グレゴリーは不思議そうに目を瞬かせると、小首を傾げて「どうした?」と言った。何でもないと返して死神ちゃんが目を逸らすと、グレゴリーは再び目を瞬かせた。そして頭をボリボリと掻くと、「まあ、いいや」と言いながら睡眠罠の件は上に報告しておくと請け負ってくれた。
後日聞いたところによると、寝不足さんは無事にサロンに到達し、健やかな眠りを得ることができたらしい。彼は快適な睡眠のためにサロンの常連となったそうなのだが、〈眠りたい〉という目的のためだけにやって来ているため、ダンジョン踏破などというものは全くもって念頭にはないという。正直、M奴隷三男坊よりも彼のほうが探索が進んでいるだけに、死神ちゃんは「勿体無いなあ」と思ったのだった。

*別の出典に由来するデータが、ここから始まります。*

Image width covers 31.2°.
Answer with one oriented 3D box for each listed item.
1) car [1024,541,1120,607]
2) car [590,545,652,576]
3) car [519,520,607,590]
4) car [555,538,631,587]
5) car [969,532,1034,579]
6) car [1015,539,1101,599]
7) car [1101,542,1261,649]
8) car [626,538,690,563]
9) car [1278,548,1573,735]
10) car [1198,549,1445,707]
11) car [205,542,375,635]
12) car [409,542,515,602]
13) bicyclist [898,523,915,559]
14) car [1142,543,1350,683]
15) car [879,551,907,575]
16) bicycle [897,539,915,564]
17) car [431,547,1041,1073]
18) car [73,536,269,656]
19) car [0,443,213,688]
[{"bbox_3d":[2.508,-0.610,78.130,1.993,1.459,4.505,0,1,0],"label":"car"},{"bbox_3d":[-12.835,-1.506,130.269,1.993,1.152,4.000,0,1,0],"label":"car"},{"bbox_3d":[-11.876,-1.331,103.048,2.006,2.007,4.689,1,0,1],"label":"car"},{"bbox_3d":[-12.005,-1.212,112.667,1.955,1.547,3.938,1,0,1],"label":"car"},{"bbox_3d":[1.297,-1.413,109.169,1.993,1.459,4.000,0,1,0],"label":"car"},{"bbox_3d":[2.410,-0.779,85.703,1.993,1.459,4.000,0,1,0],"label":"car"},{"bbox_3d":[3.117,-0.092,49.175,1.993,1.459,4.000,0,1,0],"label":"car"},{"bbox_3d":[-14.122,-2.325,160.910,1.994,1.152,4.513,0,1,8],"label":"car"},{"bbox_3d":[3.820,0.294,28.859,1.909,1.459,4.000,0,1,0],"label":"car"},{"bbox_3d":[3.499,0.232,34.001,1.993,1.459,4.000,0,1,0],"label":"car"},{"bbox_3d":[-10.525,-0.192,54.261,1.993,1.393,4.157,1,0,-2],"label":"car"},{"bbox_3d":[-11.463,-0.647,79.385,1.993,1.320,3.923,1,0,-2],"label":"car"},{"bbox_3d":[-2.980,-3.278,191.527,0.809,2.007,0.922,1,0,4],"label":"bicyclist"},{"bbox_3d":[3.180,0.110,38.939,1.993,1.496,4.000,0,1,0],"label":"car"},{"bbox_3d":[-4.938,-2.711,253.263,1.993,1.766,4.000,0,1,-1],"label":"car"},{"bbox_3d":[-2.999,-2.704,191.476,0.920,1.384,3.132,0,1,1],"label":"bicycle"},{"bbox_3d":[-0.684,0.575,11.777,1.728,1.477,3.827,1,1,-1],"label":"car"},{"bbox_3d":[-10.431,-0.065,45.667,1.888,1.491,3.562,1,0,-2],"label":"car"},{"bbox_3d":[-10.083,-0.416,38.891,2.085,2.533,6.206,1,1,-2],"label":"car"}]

――――なお、毎回、ご当主や同僚、部下の睡眠のためにサロンで金に糸目を付けずアレコレと買い物までしていくという。そして、他の貴族連中にもサロンの素晴らしさが口コミで広がったので、どの貴族の家の冒険者たちも攻略の目的が〈富と名声〉から〈サロン〉へとシフトしつつあるらしい。サロン本来の存在理由である〈冒険者の足止め〉の効果は抜群のようDEATH。